We're heading out tomorrow to Jasper, Indiana for a 1st year KCBS BBQ contest called Strassenfest being held in conjunction with a large German festival.  Lots of Beer, food, and Fraulein's.  What's not to like?

So far 32 teams have signed up.  This contest has a governor's proclamation and is a state championship even so the winner gets and invite to the American Royal competition and goes in the draw for Jack Daniel's.  Here is a link to the contest:

http://www.jasperstrassenfest.org/

And the list of teams so far:

ZZ Que
Monty Pigthon & The Holy Grill
The Flying Burritos
Sonny Ja's
Kentucky Kookers
Edgar County Food & Bev.
Tri Fecta BBQ
Ribs & Bibs
Smoky River BBQ
StinkEye BBQ
Ole Man Larry's 
Pig Pak
Acme BBQ
Son Seekers
Shadetree Cooks
Quau
Hoosier Crawdaddy
Barnyard BBQ
Fowl Butt BBQ
Pig Dawg
HIckory Flats
The Ribberbest Gang
Double D's BBQ
Getta Que
Rock River BBQ
Steel Smokin BBQ
Butt Bubbers BBQ
Who Are Those Guys?
Insane Charcoal Posse
Redneck Grillers
Black Kettle Cooks
Smokin T's


Also there is a rumor that the Reverand Twyford (Ulcer Acres) will be competing and spreading the gospel of BBQ.   Should be a great event and a great time.  If anyone from the forum is in the area please stop by and say hello!

Dallas


----------



## Diva Q (Jul 30, 2009)

Best of luck and safe travels!!


----------



## Kloset BBQR (Jul 30, 2009)

Thanks Danielle.  We'll be heading out in a few.  Staying the night in Cincinnati and pull into to Jasper, late Friday morning.

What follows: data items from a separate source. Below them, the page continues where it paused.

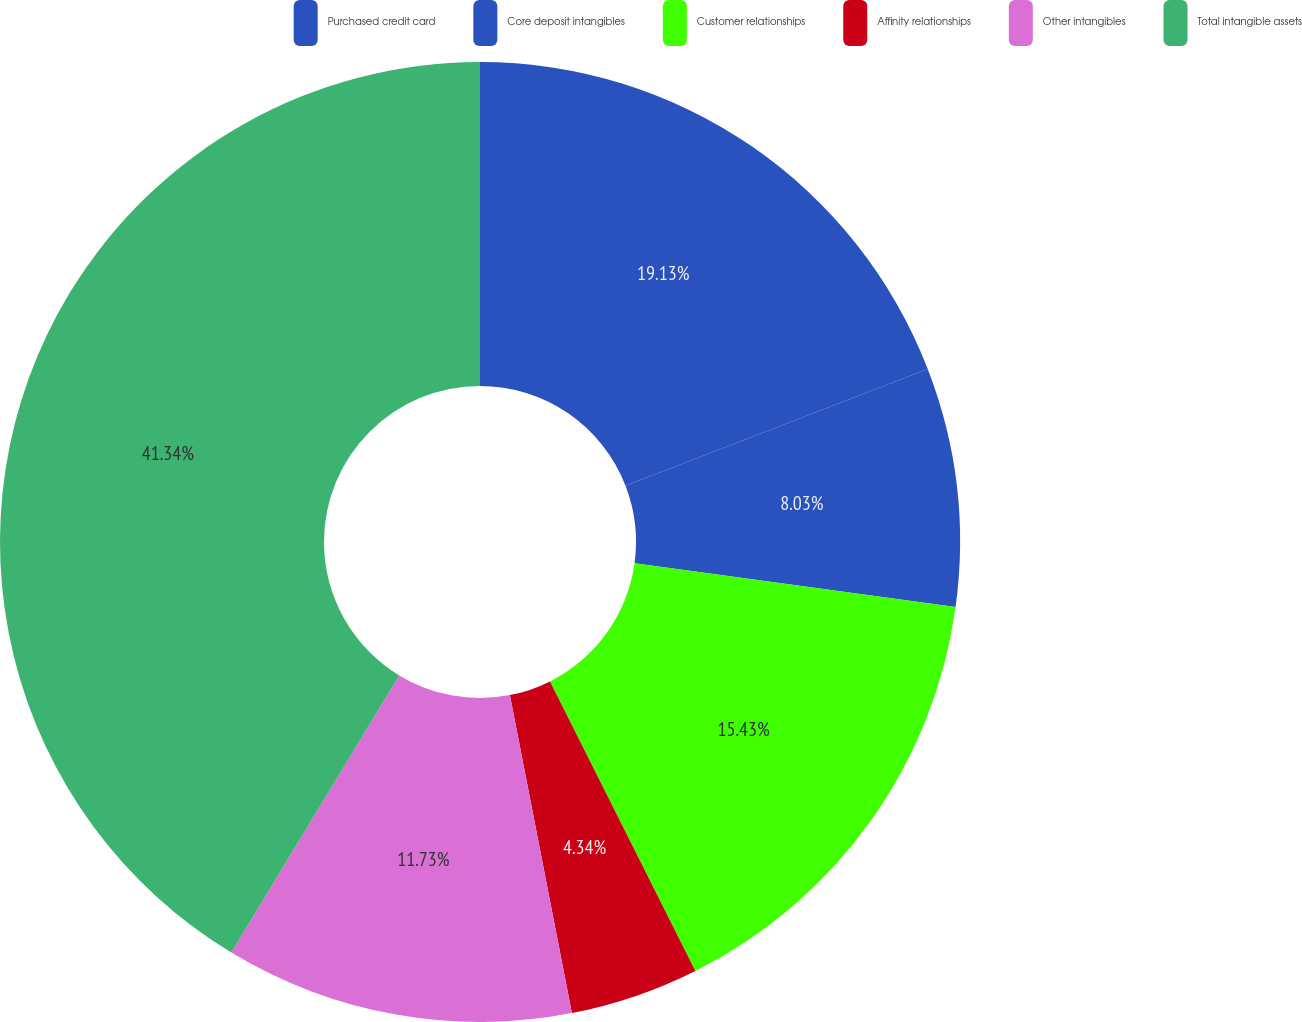<chart> <loc_0><loc_0><loc_500><loc_500><pie_chart><fcel>Purchased credit card<fcel>Core deposit intangibles<fcel>Customer relationships<fcel>Affinity relationships<fcel>Other intangibles<fcel>Total intangible assets<nl><fcel>19.13%<fcel>8.03%<fcel>15.43%<fcel>4.34%<fcel>11.73%<fcel>41.33%<nl></chart> 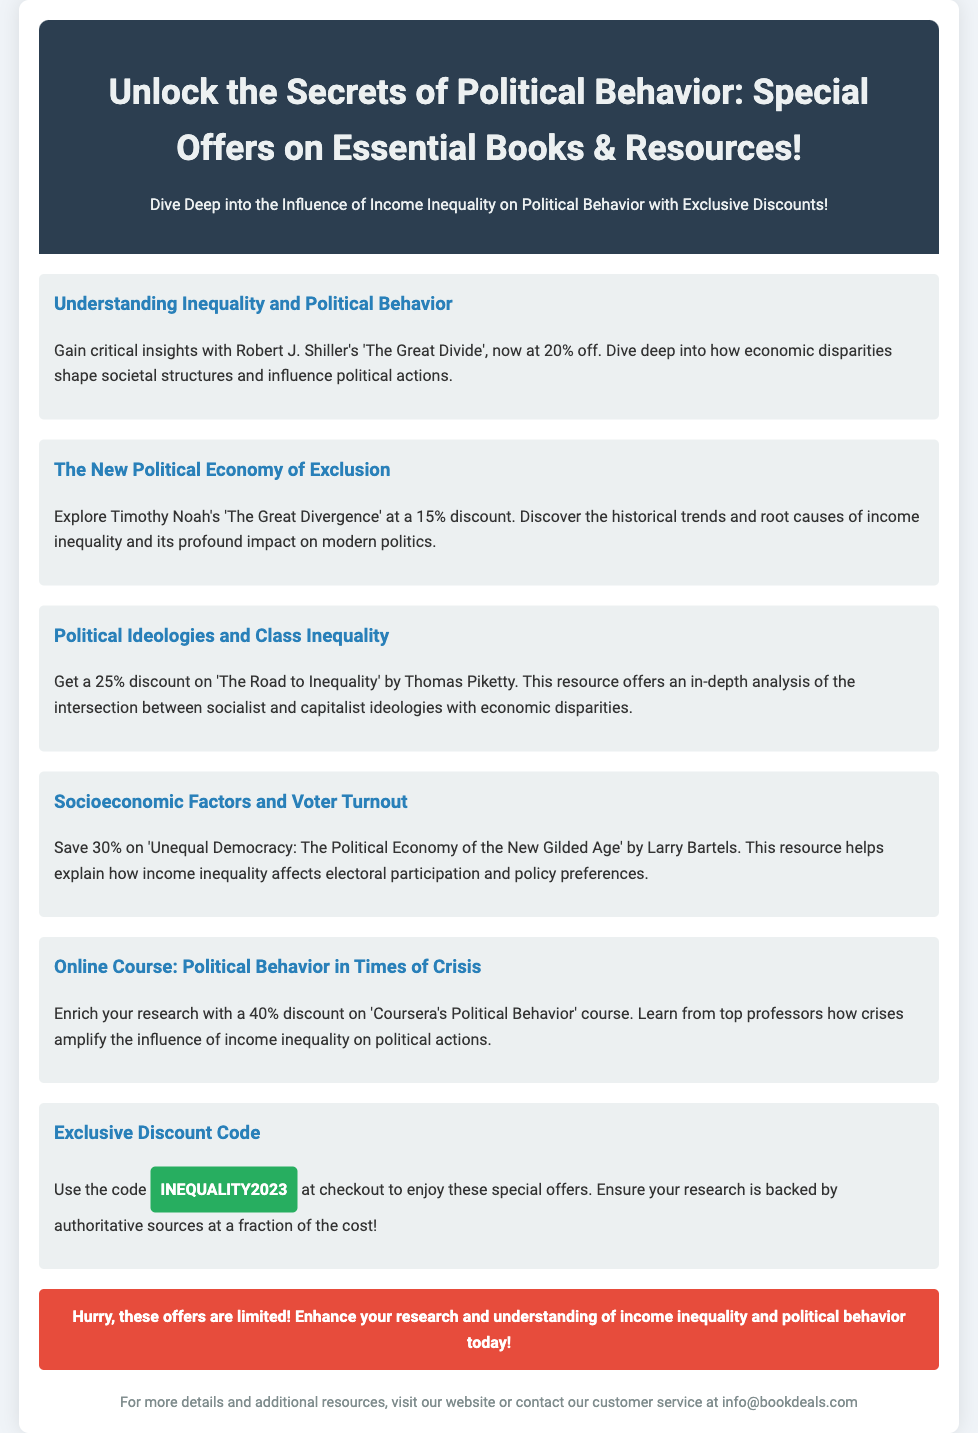What is the title of the first book offered? The first book listed in the offers is 'The Great Divide' by Robert J. Shiller.
Answer: 'The Great Divide' What discount is available for 'The Great Divergence'? The document mentions a discount of 15% for 'The Great Divergence' by Timothy Noah.
Answer: 15% Which author wrote 'The Road to Inequality'? The author of 'The Road to Inequality' is Thomas Piketty.
Answer: Thomas Piketty What is the highest discount percentage offered for the resources? The document states that the online course has the highest discount of 40%.
Answer: 40% What is the exclusive discount code mentioned? The advertisement includes the discount code 'INEQUALITY2023' for special offers.
Answer: INEQUALITY2023 Which book discusses socioeconomic factors and voter turnout? The book addressing this topic is 'Unequal Democracy: The Political Economy of the New Gilded Age' by Larry Bartels.
Answer: 'Unequal Democracy: The Political Economy of the New Gilded Age' How much can you save on the course 'Political Behavior in Times of Crisis'? The document lists a savings of 40% on this course.
Answer: 40% What is the main theme of the advertisement? The advertisement promotes offers on books and resources related to political behavior and income inequality.
Answer: Political behavior and income inequality How can customers inquire for more details according to the document? Customers can contact customer service at the provided email address info@bookdeals.com for more information.
Answer: info@bookdeals.com 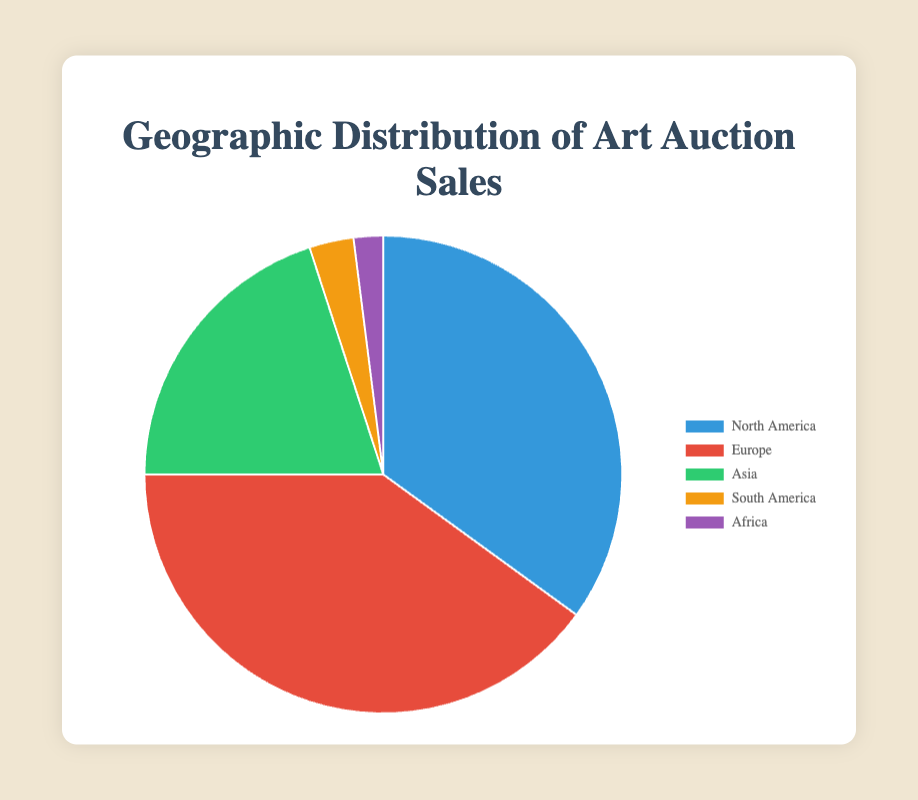What is the region with the highest percentage of art auction sales? Europe has the highest percentage value in the data set, which is 40%.
Answer: Europe What is the combined percentage of art auction sales in North America and Asia? North America's percentage is 35%, and Asia's is 20%. The sum of these percentages is 35% + 20% = 55%.
Answer: 55% Which two regions have the smallest percentages of art auction sales, and what is their combined percentage? South America has 3%, and Africa has 2%, making them the smallest. Their combined percentage is 3% + 2% = 5%.
Answer: South America and Africa, 5% How much larger is Europe’s percentage compared to Asia’s? Europe's percentage is 40%, and Asia's is 20%. The difference is 40% - 20% = 20%.
Answer: 20% What is the total percentage share of the top two regions? The top two regions are Europe (40%) and North America (35%). Summing these gives 40% + 35% = 75%.
Answer: 75% Which region is represented by the green color in the chart? The green color in the chart corresponds to Asia.
Answer: Asia Out of all the regions, how much more in percentage does North America have compared to South America and Africa combined? North America's percentage is 35%, while South America and Africa combined is 3% + 2% = 5%. The difference is 35% - 5% = 30%.
Answer: 30% Is the percentage of art auction sales in North America more than double that of Asia? North America has 35%, and Asia has 20%. Doubling Asia's 20% we get 40%, which is more than North America's 35%. Thus, North America's percentage is not more than double that of Asia.
Answer: No 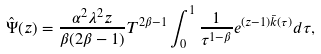<formula> <loc_0><loc_0><loc_500><loc_500>\hat { \Psi } ( z ) = \frac { \alpha ^ { 2 } \lambda ^ { 2 } z } { \beta ( 2 \beta - 1 ) } T ^ { 2 \beta - 1 } \int _ { 0 } ^ { 1 } \frac { 1 } { \tau ^ { 1 - \beta } } e ^ { ( z - 1 ) \bar { k } ( \tau ) } d \tau ,</formula>

Looking forward to some German beer sampling.  Donna's my designated driver on this trip!


----------



## DaleP (Jul 30, 2009)

Hey Dallas, we will see you after judging. I wanted to cook but others on our team decided to judge for the first time so we can see what Dallas turns in. Hahaha. 
Where can you buy pink suspenders?


----------